Gli autori, Daniel e Virk, pongono l’accento sulle disparità economiche fra i cinque Paesi e sulla loro inconsistenza quando si parla di strategie di governance globale su temi come la “Responsibility to Protect”.
Gli autori concludono che “le differenti priorità ed aspettative [dei BRICS] potrebbero indebolire il loro sforzo collettivo volto alla creazione di un ordine mondiale equo e democratico”.
Entrambi i punti di vista sono validi e soprattutto sono indicativi di una crescente attenzione/ossessione a proposito dei BRICS.
Questa preoccupazione nei riguardi dei BRICS, specie nella riflessione di Daniel e Virk, rende in modo plastico la precarietà stessa del concetto; le ultime analisi hanno derubricato l’acronimo BRICS in RICS, esludendo il Brasile che è caduto in una crisi per certi versi illogica, mostrando sia l’eterogeneità delle varie economie e sia l’incapacità di esprimere una sintesi unitaria di governance globale che siano disancorate dai contesti macroeconomici di riferimento.
Solo la Cina costituisce un capitolo a parte; ha la storia, il pensiero e la leadership che ne fanno una specificità.
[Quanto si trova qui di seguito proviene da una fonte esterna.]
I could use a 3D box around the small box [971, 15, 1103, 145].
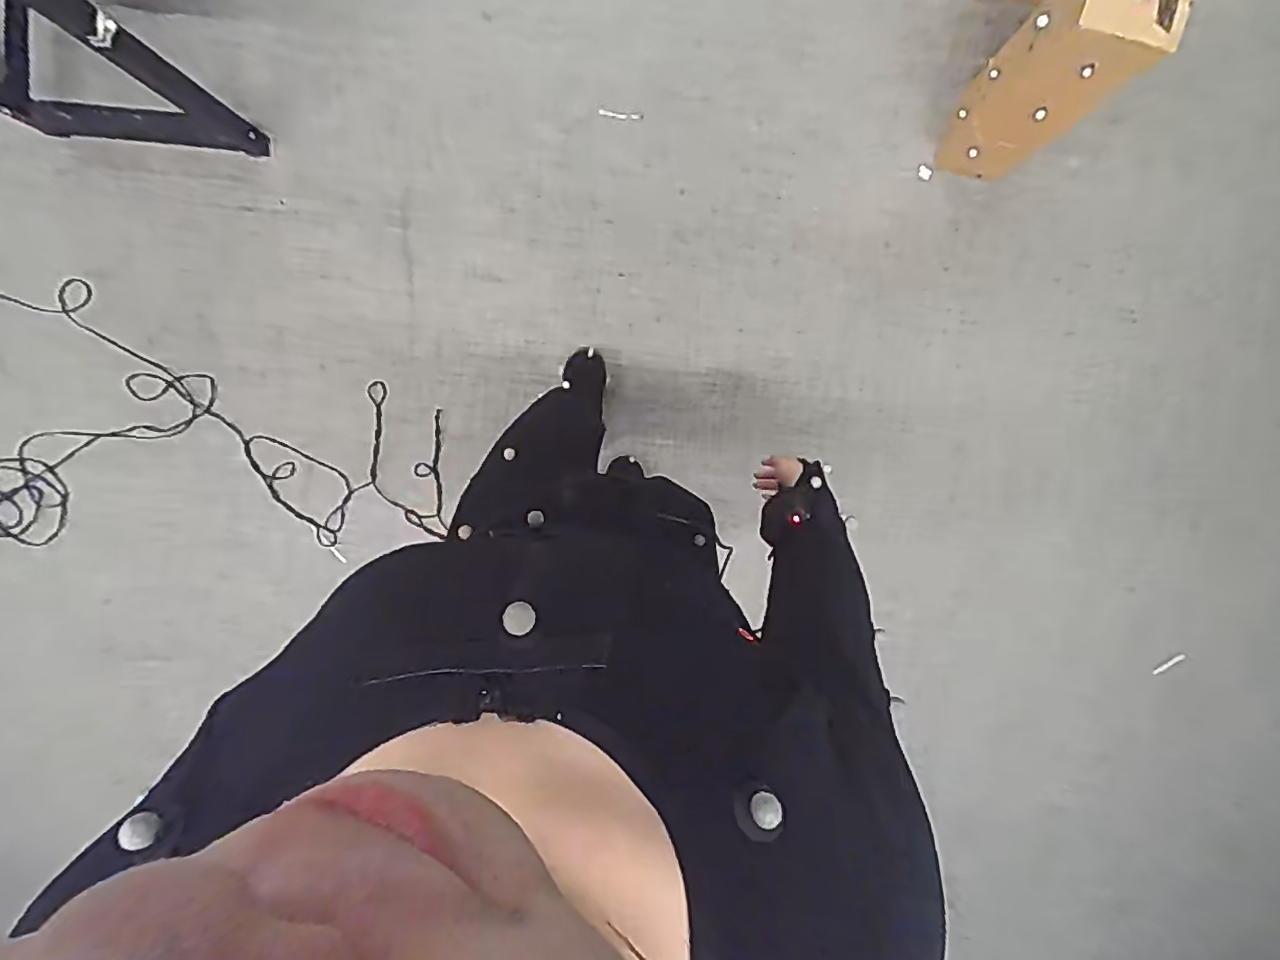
[{"bbox_3d":[0.857,-0.848,1.149,0.179,0.176,0.168,14,97,0],"label":"small box"}]

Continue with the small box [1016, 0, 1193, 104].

La crisi del Brasile indica come, nell’attuale paesaggio globale, la sfida alla legittimità dei BRICS possiede una sua validità, considerata la natura di un mondo multipolare in evoluzione dove i nuovi centri di potere economico e politico si determino in funzione delle crisi regionali e dei correlati nuovi nazionalismi.
Il quadro sistemico di precarietà e di mobilità strategica impedisce qualsiasi opzione di governance classica, perche, in fin dei conti, l’interdipendenza strategica sottostà a quasi tutte le transazioni globali.
In tal modo, mentre una volta si sosteneva che “quando gli USA starnutiscono il mondo intero si prende un raffreddore”, oggi il raffreddore viene trasmesso da un’orchestra di differenti e spesso esiziali starnuti.
In questo senso, e con maggiore serenità pragmatica, qualsiasi previsione sui nuovi player mondiali (BRICS-RICS etc…) costituirà sempre una riflessione ragionevole ma suscettibile di continua revisione, solo gli USA (ancora) e la Cina giustificano affermazioni più certe sul ruolo nella governance globale.
Quello che è costante e continuerà ad esserlo, è la continua formazione di differenti centri di potere nell’attuale arena geopolitica.
Sanusha Naidu chioserebbe che “serve comprendere quanto sia diventato frammentato il sistema internazionale”.